▶ [Brief]:
Below is a listing; repeat exactly the lines from the one containing "Answer yes or no. No. Does Light Salmon intersect" to the one containing "What is the main", both included.

▶ [Records supplied]:

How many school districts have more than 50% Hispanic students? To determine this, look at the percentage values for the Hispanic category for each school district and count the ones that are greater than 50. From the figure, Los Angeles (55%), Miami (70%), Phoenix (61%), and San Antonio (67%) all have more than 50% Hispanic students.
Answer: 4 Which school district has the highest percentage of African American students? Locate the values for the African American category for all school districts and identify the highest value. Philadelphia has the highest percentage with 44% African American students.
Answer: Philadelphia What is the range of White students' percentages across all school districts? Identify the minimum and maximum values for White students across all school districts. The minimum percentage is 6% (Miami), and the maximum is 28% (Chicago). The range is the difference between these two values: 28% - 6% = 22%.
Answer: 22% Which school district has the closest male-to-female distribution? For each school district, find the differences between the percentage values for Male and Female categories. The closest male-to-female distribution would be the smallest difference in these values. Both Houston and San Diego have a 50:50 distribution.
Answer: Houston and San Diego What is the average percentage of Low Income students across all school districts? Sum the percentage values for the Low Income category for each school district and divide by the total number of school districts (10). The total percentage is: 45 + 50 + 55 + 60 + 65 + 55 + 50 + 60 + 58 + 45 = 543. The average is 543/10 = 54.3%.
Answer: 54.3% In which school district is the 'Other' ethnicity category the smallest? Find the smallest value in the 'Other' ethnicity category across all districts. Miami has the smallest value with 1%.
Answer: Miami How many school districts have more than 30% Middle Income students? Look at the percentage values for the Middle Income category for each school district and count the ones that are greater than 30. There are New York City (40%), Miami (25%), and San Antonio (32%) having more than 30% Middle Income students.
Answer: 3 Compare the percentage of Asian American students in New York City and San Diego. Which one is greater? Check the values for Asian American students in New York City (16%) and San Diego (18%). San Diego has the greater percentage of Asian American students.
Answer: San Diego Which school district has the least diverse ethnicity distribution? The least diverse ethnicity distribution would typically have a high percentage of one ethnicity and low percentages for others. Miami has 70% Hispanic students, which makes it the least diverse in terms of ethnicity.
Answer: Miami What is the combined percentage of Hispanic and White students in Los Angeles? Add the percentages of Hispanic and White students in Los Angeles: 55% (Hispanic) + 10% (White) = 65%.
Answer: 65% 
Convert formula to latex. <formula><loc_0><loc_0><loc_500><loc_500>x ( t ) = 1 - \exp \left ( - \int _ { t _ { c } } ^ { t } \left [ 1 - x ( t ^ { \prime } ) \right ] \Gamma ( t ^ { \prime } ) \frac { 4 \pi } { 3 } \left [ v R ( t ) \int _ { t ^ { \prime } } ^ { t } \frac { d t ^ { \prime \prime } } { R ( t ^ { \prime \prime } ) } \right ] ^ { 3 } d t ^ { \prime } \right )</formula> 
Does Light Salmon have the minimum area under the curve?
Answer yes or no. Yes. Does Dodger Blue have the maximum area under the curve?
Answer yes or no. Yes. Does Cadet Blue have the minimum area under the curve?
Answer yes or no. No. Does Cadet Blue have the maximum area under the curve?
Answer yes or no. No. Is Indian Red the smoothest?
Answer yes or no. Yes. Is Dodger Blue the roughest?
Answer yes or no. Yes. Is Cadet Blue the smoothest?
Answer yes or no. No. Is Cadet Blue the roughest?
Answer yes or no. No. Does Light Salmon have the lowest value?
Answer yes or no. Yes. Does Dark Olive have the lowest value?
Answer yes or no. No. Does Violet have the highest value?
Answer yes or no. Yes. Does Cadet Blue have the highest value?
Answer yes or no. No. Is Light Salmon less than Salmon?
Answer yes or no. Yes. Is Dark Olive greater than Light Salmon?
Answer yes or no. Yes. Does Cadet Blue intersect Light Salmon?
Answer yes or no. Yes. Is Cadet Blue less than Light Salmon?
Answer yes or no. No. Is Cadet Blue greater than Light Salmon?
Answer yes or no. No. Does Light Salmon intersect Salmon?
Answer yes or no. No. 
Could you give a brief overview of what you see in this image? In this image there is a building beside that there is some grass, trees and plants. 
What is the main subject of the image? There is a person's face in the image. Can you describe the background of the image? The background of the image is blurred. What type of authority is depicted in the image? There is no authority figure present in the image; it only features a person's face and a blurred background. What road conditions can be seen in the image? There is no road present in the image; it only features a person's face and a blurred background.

* * *

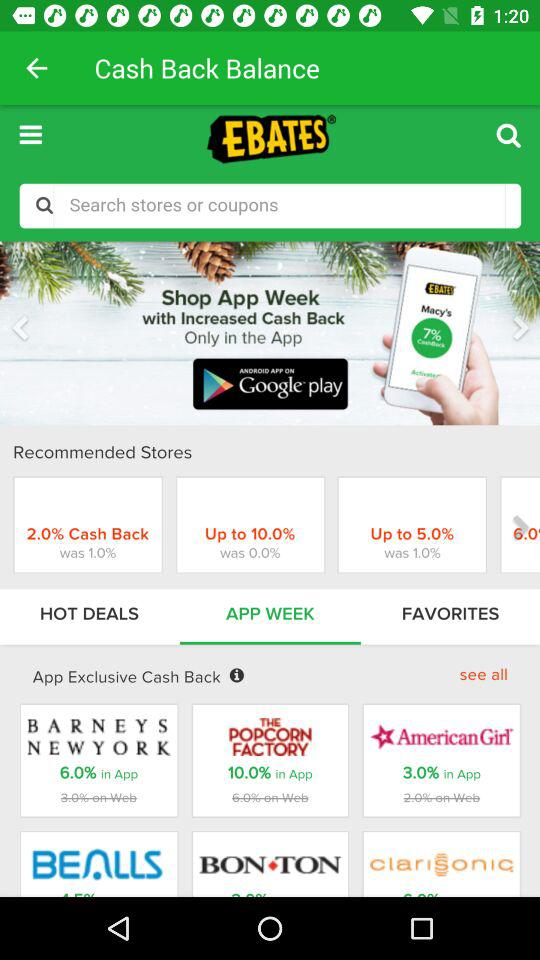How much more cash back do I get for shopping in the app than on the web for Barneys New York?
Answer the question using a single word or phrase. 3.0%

▶ [Answer box]:
Answer yes or no. No. Does Light Salmon intersect Salmon?
Answer yes or no. No. 
Could you give a brief overview of what you see in this image? In this image there is a building beside that there is some grass, trees and plants. 
What is the main subject of the image? There is a person's face in the image. Can you describe the background of the image? The background of the image is blurred. What type of authority is depicted in the image? There is no authority figure present in the image; it only features a person's face and a blurred background. What road conditions can be seen in the image? There is no road present in the image; it only features a person's face and a blurred background.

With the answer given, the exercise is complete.